The recalibration took a second, aiming it took a couple more. Then all he had to do was adjust the dial and Max sighed - the sweet, sweet sound of his inventions being more powerful than second-rate villains. For the second time that night, the generator obediently drained into quiet.

But a strangling cry caught his attention in the quiet. The force of the generator had eclipsed any other sound, but now Max’s heart dropped.

He turned, watching in slow motion as Fuse’s glove shot a beacon of energy directly at Phoebe’s chest. It ricochetted into the navy of her supersuit with such force that even Fuse staggered back. 

And Phoebe couldn’t even scream. Fuse had already crushed her voice, the only thing that escaped her now was a hiss, a terrified gargle that made his stomach churn. 

She slipped, tried to right herself, but fell back so hard that the boundary of the roof caught against her legs. Max’s whole body moved on instinct.

“No!”

His legs pumped with adrenaline to reach her in time, arms stretching out, swiping thin air as he missed her by a millimetre. She flipped backwards over the edge, cape tangling in her limbs as she disappeared from view. 

Phoebe !” His chest slammed on the edge as he looked down from the roof, arms suspended as his telekinesis caught her midair. She sprawled, swung a little with the force of his powers - he grunted, strained, but for a second, Max caught her. 

“That’s the funny thing about fuses.” Max didn’t register the footsteps at his side until it was too late. Fuse grinned, “...They can make the lights go out”.

The glove sparked a final time, and Max lost his hold. His telekinesis slipped…

And Phoebe crashed.
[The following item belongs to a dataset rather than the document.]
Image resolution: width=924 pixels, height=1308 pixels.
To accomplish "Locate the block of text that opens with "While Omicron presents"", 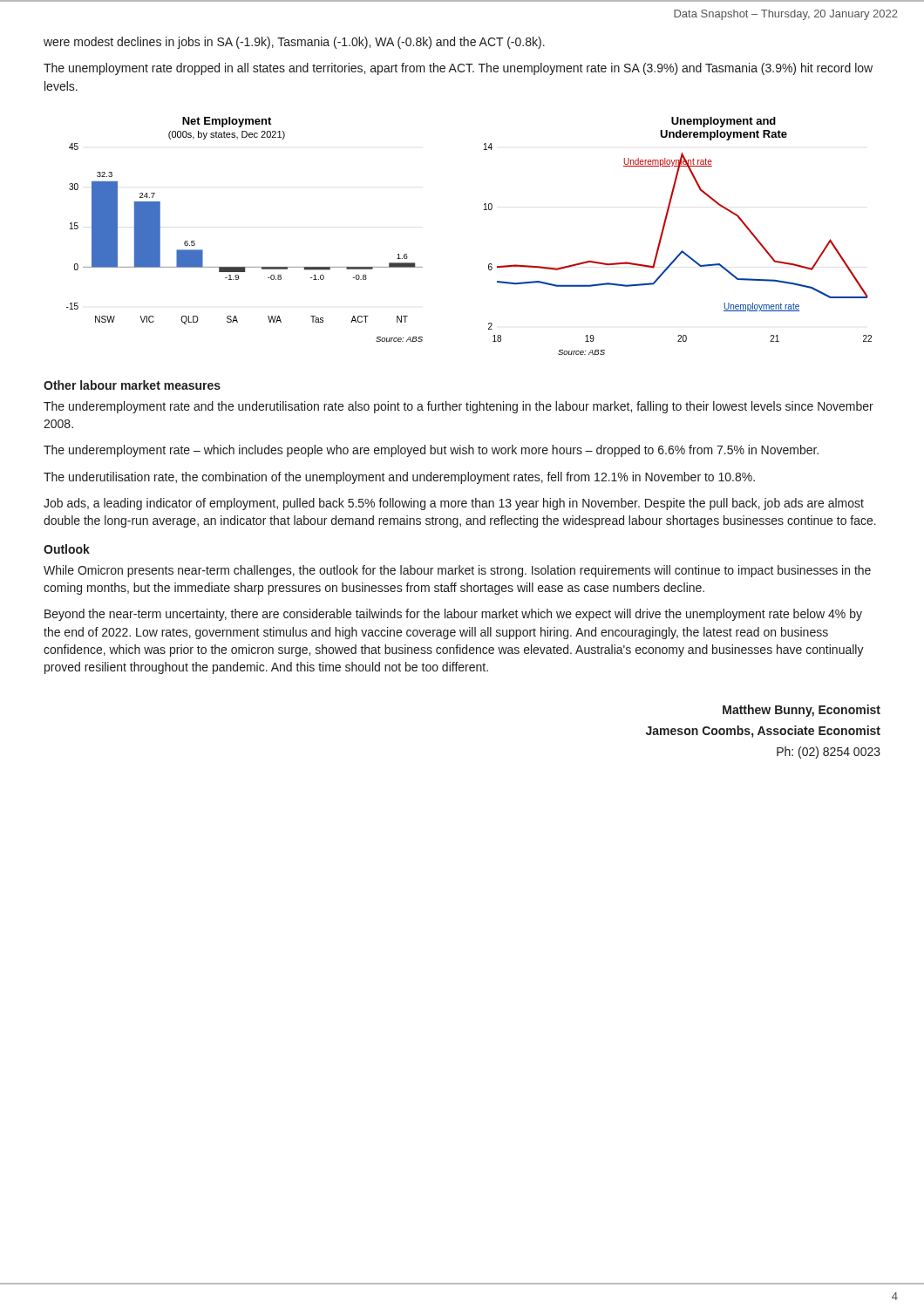I will coord(457,579).

She spun like a ragdoll until she cracked into the concrete with a force that tore through Max like lightning. She lay unmoving, silhouetted, limbs tangled. Fuse’s laugh echoed in the distance.

***

“Phoebe!” Max thundered down the stairs, stumbling through onto the ground with blind panic. Fuse had gone. He hadn’t even tried to catch him - Max didn’t care.
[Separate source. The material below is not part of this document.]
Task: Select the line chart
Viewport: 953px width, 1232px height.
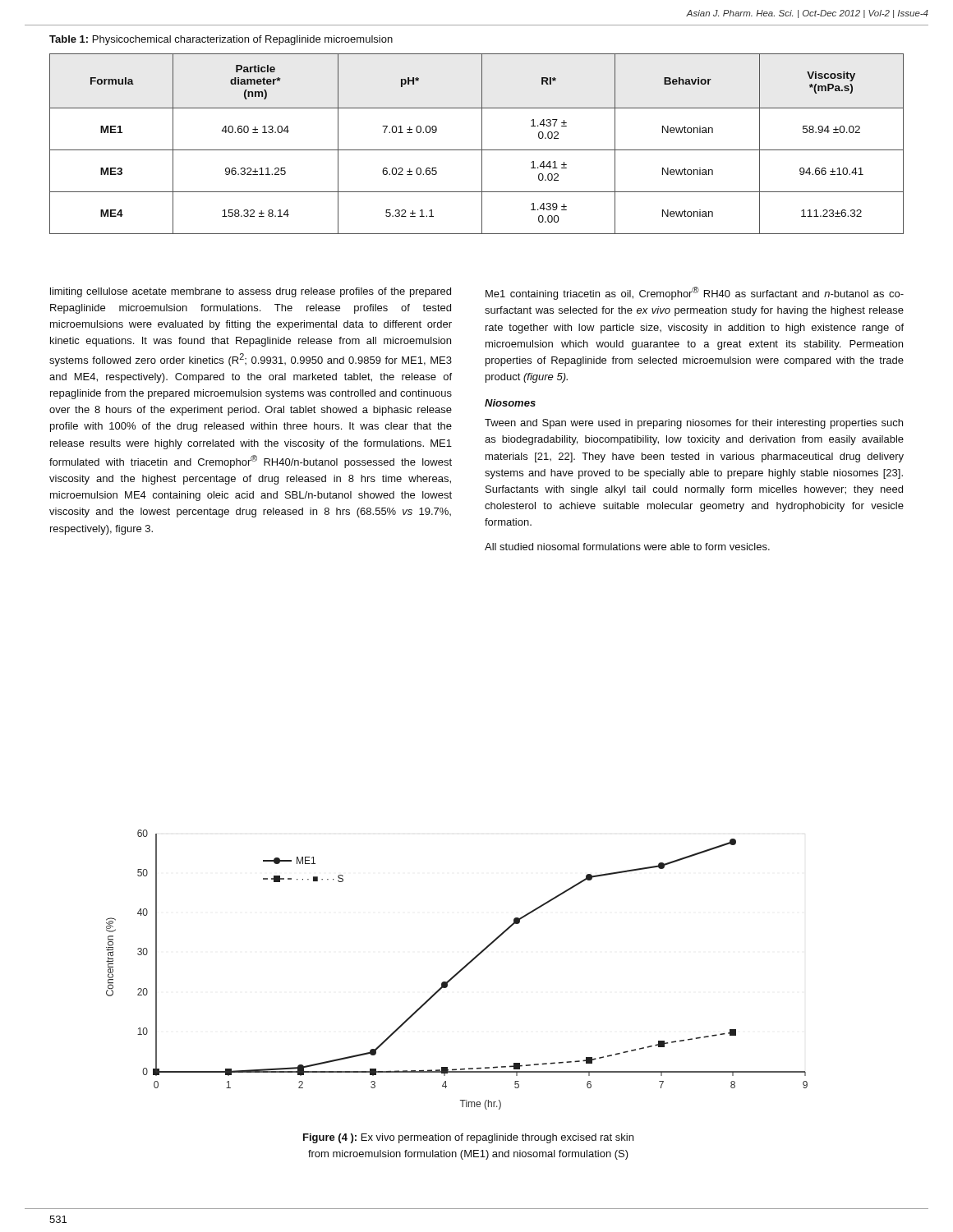Action: pyautogui.click(x=468, y=968)

He skidded beside her, concrete grazing his knees through his suit. “No, no, no, no. Phoebe, Pheebs .” Her hair matted to her face in sweat and something darker. Her eyes were closed, skin clammy, pale.

Max shook her shoulder, turning her onto her back - nothing. Panic slammed his voice, “Wake up, Pheebs, c’mon. Rise and shine! Time to make fun of me for dropping you!” 

He leant his ear to her mouth, begging for a sound of breath but couldn’t be sure. His hands moved to her wrist for a pulse. Weak, but there. Thrumming. 

Yes …” He choked his relief, every muscle in his body collapsing for a moment.  She’s alive . “Okay, I got you, I got you, I’m here.” I dropped her . “Stay with me, Phoebe.” I did this to her.

Max fumbled for his phone, swallowing fear as he found Chloe’s contact. 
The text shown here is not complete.